Slovakia's economic background

Slovakia’s central bank, the National Bank of Slovakia, has adopted economic measures and EU-mandated fiscal targets as part of its membership in the EU. Its ability to attract foreign direct investment has declined in the past few years, due in large part to the elimination of the flat tax and the imposition of a higher tax rate on corporations, as well as a progressive tax rate targeting high income earners.

Slovakia’s dominant sectors as of 2012 were industry (27.0 %), wholesale and retail trade, transportation, accommodation and food services (22.3 %) and public administration, defense, education, human health and social work activities (13.3 %). The country’s workforce is young, educated, and mobile, but unemployment remains high. Currently, Slovakia has strong trading ties with Germany and the Czech Republic, as well as Poland and Russia.
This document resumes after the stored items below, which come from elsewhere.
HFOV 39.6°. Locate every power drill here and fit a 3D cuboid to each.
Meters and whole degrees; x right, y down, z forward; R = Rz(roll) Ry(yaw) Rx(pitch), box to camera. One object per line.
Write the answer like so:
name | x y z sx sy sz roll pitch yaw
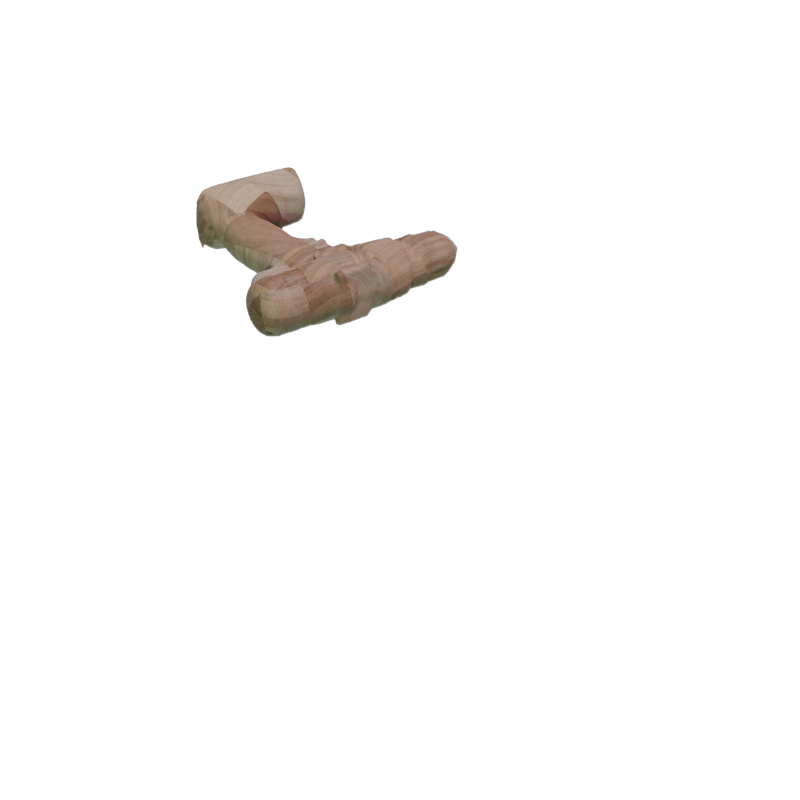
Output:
power drill | -0.072 -0.132 0.921 0.182 0.054 0.202 -19 38 -27
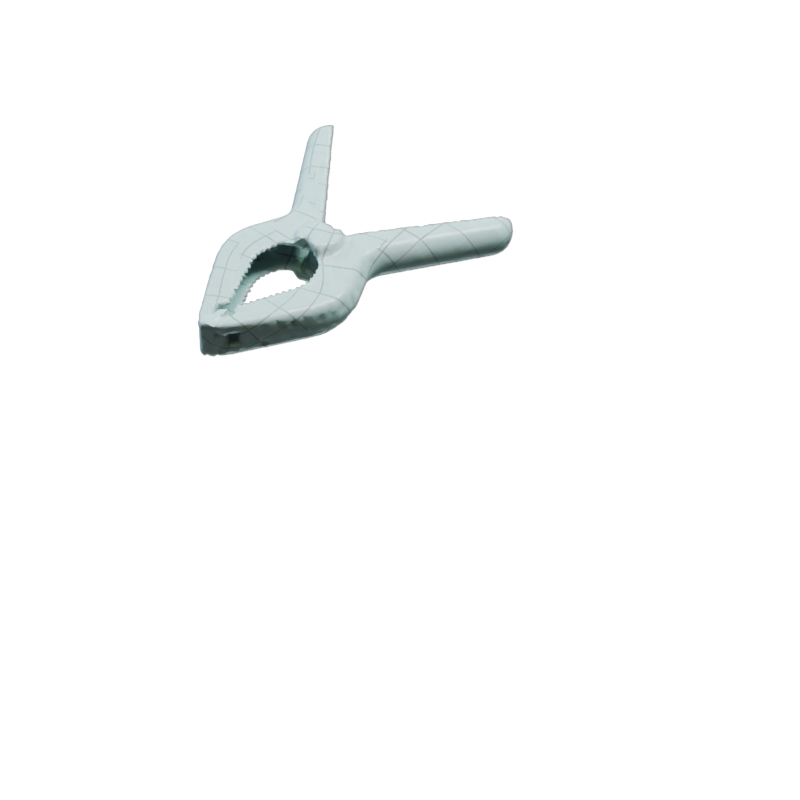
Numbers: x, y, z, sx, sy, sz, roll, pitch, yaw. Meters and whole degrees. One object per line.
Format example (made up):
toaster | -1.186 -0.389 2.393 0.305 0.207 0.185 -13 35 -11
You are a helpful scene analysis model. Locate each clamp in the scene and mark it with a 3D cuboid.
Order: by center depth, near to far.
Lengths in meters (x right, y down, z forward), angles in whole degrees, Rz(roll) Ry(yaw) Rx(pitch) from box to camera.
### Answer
clamp | -0.055 -0.101 0.704 0.211 0.034 0.176 -34 55 -29

Foreign investment in Slovakia

From 2000 through 2005, the Slovakian government adopted a series of reforms meant to increase direct foreign investment by attracting investors and businesses into the country. These reforms led to Slovakia being ranked the world’s top reformer for an improved business climate in the World Bank’s ‘Doing Business’ 2005 report. However, after 2006 momentum for reform slowed, due in large part to a newly-elected government intent on meeting EU membership requirements. Since 2013, Slovakia has suffered from a slowing economy, high unemployment, and decreased foreign direct investment. In order to meet EU mandates for a fiscal deficit that fell below 3% of GDP, Slovakia canceled its 19% flat tax rate and imposed a new set of tax rules. The corporate tax rate was raised to 23%, and a progressive tax rate that targeted high income earners was established.
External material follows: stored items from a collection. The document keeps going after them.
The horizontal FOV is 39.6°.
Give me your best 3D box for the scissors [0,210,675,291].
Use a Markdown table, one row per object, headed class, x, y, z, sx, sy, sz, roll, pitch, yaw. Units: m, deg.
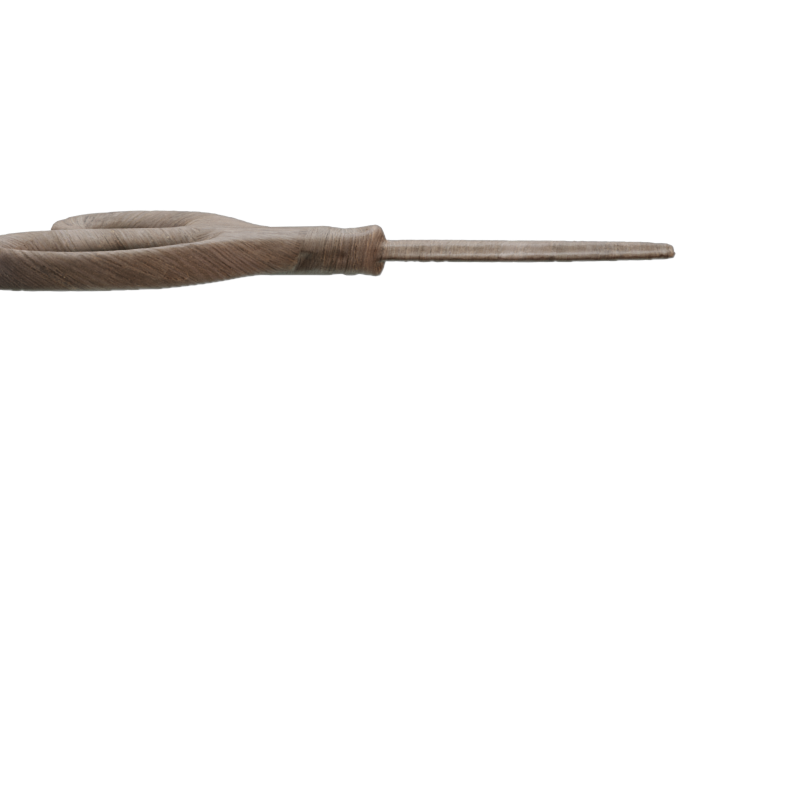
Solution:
| class | x | y | z | sx | sy | sz | roll | pitch | yaw |
| --- | --- | --- | --- | --- | --- | --- | --- | --- | --- |
| scissors | -0.028 | -0.051 | 0.354 | 0.198 | 0.015 | 0.101 | -4 | 17 | -14 |
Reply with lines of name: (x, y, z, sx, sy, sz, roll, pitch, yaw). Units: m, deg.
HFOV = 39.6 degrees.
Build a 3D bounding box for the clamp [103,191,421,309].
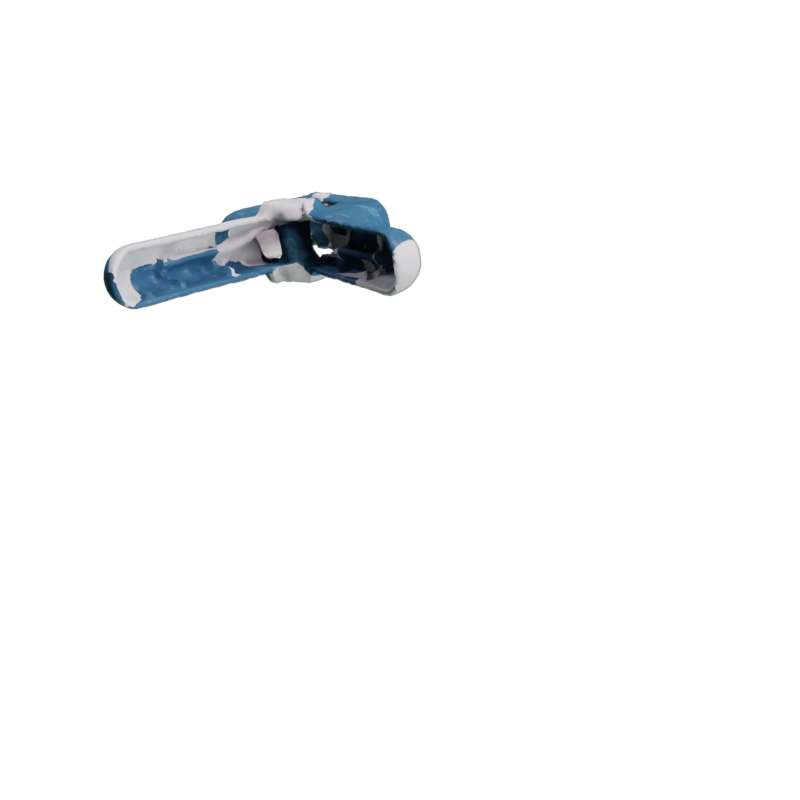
clamp: (-0.037, -0.068, 0.477, 0.123, 0.038, 0.174, 5, 20, 14)
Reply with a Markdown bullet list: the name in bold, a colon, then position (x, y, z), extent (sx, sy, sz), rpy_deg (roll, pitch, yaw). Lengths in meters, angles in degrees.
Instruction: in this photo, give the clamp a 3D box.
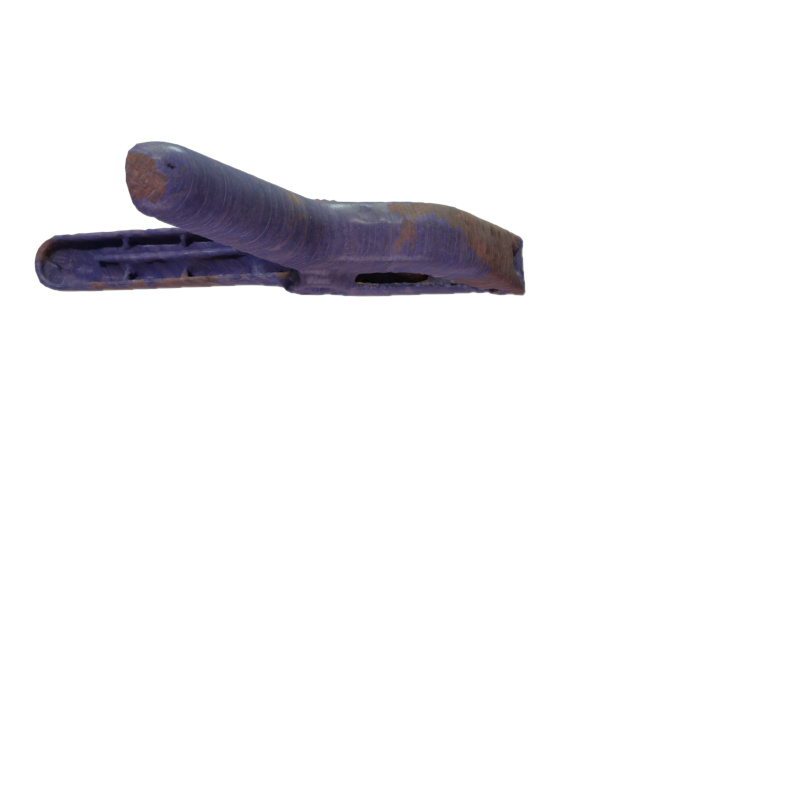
- **clamp**: position (-0.035, -0.064, 0.449), extent (0.205, 0.037, 0.165), rpy_deg (1, -5, -19)

According to the US State Department, in 2014 US foreign direct investment into Slovakia only totaled $60.3 million, out of a total inflow of foreign direct investment into the country of USD $50 billion. All fund transfers and conversions associated with investments into and out of the country are governed under the Foreign Exchange Act. In 2003, an amendment to this act abolished the limit on the export and import of all domestic and foreign currency banknotes and coins. Slovakian residents are permitted to open accounts abroad, and non-residents are allowed to hold foreign exchange accounts. Citizens of Slovakia are allowed to buy, sell, or trade foreign securities without limitations.
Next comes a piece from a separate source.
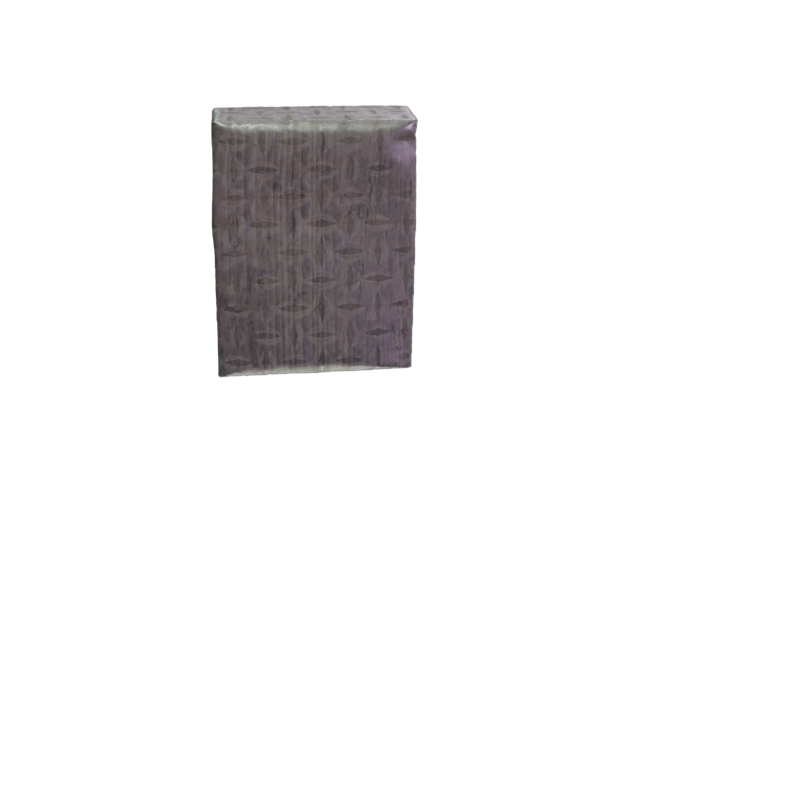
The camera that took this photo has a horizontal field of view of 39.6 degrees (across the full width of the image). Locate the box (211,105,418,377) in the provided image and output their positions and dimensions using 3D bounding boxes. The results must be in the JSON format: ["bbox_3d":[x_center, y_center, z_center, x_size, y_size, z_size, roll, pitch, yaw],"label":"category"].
[{"bbox_3d":[-0.071,-0.130,0.907,0.163,0.205,0.075,-1,18,-6],"label":"box"}]
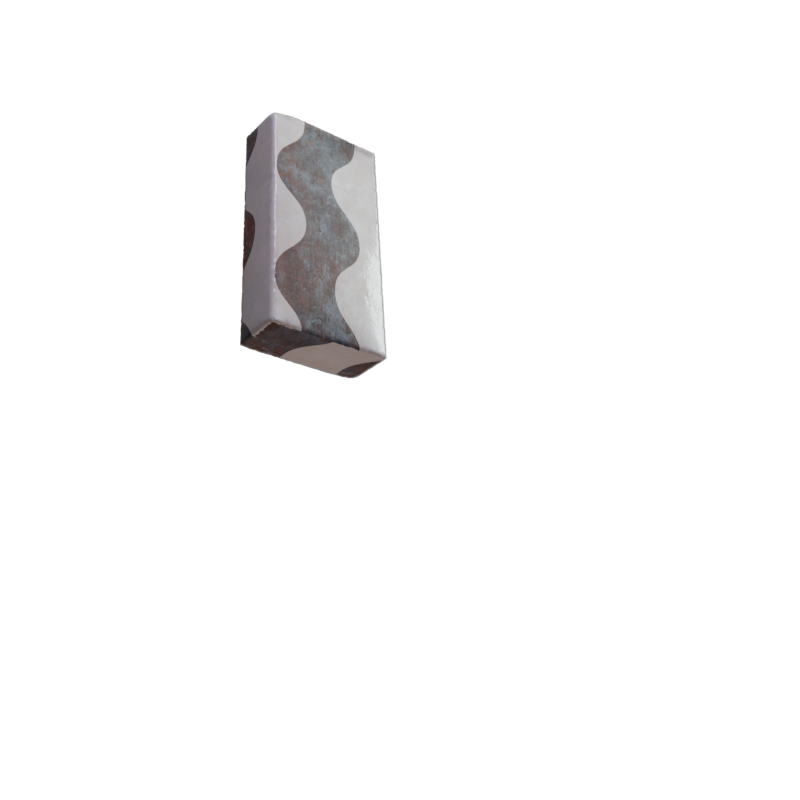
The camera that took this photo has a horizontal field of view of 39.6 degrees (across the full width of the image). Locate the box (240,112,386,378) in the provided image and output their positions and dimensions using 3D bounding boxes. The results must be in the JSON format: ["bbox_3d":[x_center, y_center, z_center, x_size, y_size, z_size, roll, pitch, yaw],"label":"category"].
[{"bbox_3d":[-0.060,-0.109,0.764,0.089,0.188,0.047,18,-36,-31],"label":"box"}]

Slovakia's monetary and regulatory authority

Slovakia is a member of the EU and the single-currency eurozone, which means it follows the regulations and guidelines of the single monetary policy set by the European Central Bank (ECB). The ECB applies liberal economic and foreign exchange policies and the euro is a free floating currency. The Slovakian government and Slovakia’s central bank, the National Bank of Slovakia, oversee the Slovakian banking system, and ensures all transactions and the operation of cash and electronic payments meet the standards established by the ECB.

Property ownership

Residents of Slovakia are able to purchase, sell, or exchange international real estate without restrictions. Both domestic and foreign private entities are permitted to establish and own business enterprises without restriction, and businesses are able to contract directly with any foreign entities. Non-residents from OECD member countries or the EU are permitted to purchase real estate to use as a business premise.

Currency

Slovakia, a member of the eurozone, uses the euro as its official currency. The euro is based on a system of 100 cents/1 euro. Euro banknotes are printed in denominations of EUR5, EUR10, EUR20, EUR50, EUR100, EUR200 and EUR500. Euro coins are popular and commonly used, and are available in values of 1, 2, 5, 10, 20 and 50 cents, EUR1 and EUR2. The bank for each eurozone member country is responsible for issuing banknotes and coins for that country’s use.